━━━ EXCERPTED DATA ━━━

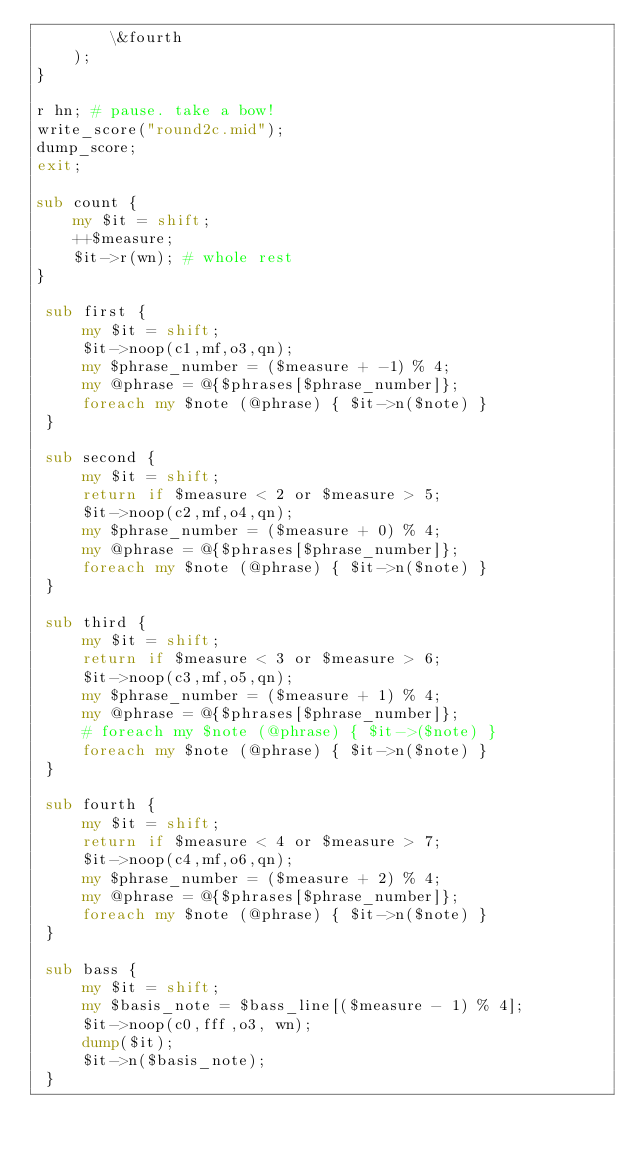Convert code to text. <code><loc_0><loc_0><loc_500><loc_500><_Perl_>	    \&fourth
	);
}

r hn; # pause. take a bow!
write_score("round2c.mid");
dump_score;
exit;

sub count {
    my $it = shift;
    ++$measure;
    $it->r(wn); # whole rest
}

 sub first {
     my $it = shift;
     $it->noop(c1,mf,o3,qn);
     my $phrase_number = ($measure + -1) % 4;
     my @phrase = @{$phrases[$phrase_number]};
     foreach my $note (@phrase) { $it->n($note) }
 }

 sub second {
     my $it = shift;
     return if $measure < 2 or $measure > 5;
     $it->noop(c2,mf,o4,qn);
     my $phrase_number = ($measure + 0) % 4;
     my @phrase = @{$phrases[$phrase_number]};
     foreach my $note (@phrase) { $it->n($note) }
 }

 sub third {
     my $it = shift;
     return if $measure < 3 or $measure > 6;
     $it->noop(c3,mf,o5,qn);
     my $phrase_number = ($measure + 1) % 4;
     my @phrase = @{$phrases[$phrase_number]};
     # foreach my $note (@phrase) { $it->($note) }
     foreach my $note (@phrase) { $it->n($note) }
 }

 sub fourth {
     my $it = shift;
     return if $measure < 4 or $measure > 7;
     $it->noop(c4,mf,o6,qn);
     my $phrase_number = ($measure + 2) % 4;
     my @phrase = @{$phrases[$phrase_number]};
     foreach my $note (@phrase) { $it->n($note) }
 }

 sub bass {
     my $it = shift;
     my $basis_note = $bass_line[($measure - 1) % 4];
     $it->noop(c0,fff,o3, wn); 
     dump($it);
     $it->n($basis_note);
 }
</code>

━━━
━━━ EXCERPTED DATA ━━━

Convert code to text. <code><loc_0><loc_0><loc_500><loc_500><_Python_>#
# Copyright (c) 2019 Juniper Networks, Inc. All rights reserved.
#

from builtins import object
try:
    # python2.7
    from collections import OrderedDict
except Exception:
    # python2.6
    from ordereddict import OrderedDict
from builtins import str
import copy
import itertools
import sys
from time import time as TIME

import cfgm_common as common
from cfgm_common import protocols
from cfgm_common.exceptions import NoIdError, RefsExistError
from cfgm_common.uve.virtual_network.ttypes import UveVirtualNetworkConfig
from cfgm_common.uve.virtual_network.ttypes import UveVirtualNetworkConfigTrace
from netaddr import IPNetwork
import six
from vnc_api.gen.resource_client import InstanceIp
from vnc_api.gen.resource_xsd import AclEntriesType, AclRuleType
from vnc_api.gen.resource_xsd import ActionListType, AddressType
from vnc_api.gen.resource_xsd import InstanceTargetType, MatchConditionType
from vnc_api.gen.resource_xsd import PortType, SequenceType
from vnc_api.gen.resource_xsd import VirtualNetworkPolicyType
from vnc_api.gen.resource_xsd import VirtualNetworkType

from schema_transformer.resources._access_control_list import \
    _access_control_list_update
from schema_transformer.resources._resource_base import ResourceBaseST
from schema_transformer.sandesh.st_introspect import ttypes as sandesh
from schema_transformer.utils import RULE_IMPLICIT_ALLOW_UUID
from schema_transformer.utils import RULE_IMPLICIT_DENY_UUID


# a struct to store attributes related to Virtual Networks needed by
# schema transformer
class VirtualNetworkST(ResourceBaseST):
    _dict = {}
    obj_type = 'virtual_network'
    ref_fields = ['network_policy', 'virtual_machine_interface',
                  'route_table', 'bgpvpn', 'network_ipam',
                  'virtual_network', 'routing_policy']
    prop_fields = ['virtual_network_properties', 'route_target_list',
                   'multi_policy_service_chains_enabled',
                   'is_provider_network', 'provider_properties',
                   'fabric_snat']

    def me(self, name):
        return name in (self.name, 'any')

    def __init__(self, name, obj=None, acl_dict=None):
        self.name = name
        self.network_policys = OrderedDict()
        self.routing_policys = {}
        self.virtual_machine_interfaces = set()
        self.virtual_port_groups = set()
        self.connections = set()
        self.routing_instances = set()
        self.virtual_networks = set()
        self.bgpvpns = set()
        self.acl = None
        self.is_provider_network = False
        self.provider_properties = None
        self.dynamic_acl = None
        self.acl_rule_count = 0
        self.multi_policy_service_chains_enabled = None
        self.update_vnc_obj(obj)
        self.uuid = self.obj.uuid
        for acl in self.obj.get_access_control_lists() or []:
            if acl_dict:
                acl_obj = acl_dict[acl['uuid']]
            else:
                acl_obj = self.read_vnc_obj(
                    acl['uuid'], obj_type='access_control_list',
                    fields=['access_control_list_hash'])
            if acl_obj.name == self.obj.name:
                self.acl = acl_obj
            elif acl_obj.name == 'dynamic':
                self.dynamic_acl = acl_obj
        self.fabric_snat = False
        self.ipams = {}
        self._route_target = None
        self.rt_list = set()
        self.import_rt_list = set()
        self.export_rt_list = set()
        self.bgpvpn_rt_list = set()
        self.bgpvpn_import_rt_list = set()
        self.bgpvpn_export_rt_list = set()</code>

━━━
━━━ EXCERPTED DATA ━━━

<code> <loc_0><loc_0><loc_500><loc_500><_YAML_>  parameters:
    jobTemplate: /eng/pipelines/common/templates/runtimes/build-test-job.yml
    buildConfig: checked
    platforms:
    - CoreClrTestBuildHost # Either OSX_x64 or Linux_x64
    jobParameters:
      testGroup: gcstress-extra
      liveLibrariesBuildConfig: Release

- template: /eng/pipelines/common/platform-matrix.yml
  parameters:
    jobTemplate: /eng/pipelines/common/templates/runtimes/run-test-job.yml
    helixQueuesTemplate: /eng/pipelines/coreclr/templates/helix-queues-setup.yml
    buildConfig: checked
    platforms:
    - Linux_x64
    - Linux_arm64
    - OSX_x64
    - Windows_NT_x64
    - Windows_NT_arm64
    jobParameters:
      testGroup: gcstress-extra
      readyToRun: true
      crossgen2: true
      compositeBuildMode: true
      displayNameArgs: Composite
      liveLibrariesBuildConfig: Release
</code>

━━━

WORK ORDER =>
In the entries above, find every line with the word "return" and list it.

ANSWER SPACE =>
     return if $measure < 2 or $measure > 5;
     return if $measure < 3 or $measure > 6;
     return if $measure < 4 or $measure > 7;
        return name in (self.name, 'any')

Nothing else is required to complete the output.